* **Work to complete**
Restate each line of the listing exactly, without carrying over any pictures.

* **Data excerpt**
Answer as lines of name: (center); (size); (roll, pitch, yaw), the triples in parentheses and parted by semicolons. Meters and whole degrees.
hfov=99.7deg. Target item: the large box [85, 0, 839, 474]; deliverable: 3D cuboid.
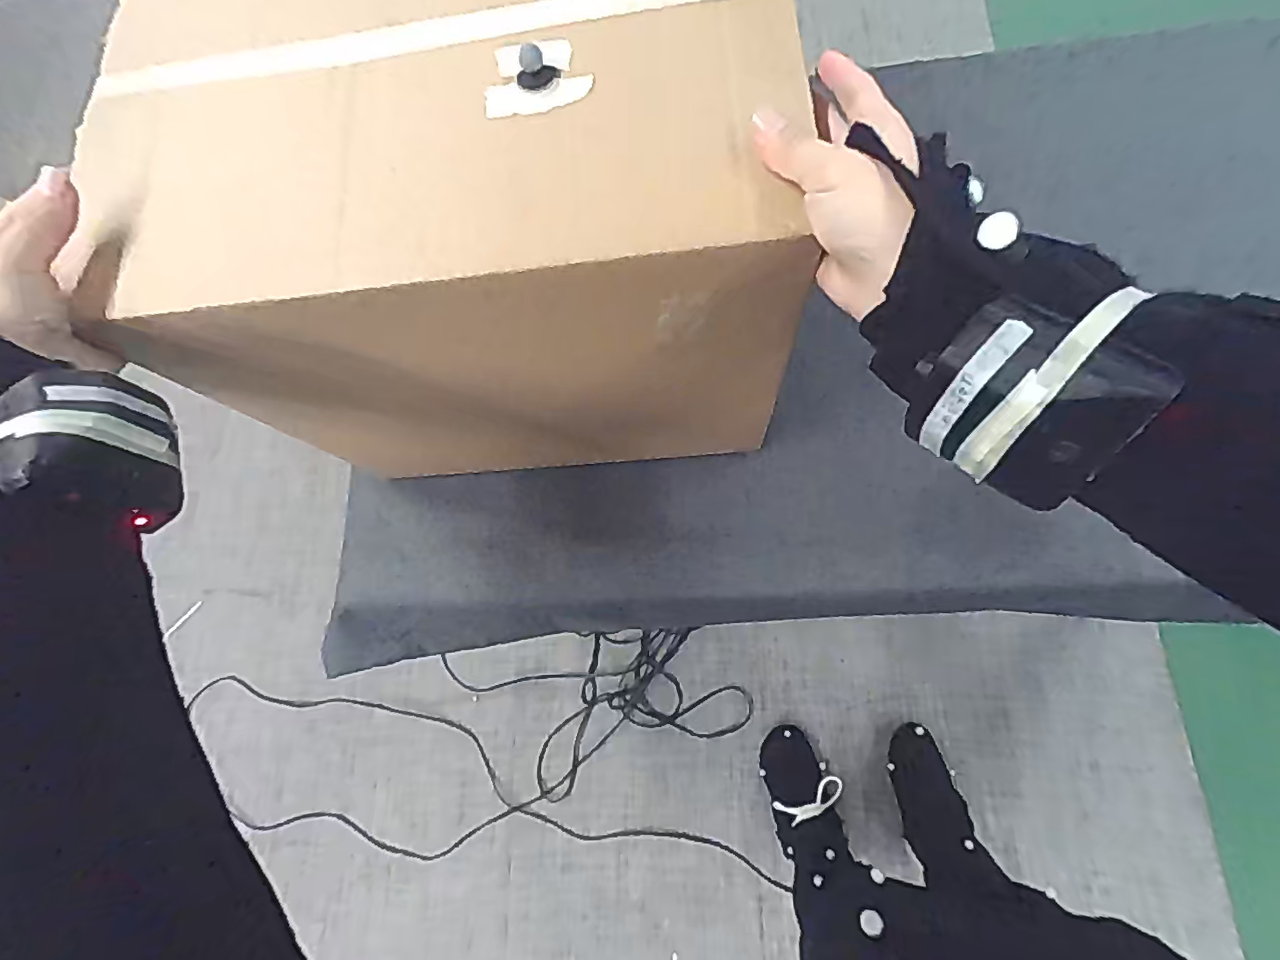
large box: (-0.096, -0.207, 0.458); (0.408, 0.320, 0.320); (-4, 75, 4)

* **Reply**
Answer as lines of name: (center); (size); (roll, pitch, yaw), the triples in parentheses and parted by semicolons. Meters and whole degrees.
hfov=99.7deg. Target item: the large box [85, 0, 839, 474]; deliverable: 3D cuboid.
large box: (-0.096, -0.207, 0.458); (0.408, 0.320, 0.320); (-4, 75, 4)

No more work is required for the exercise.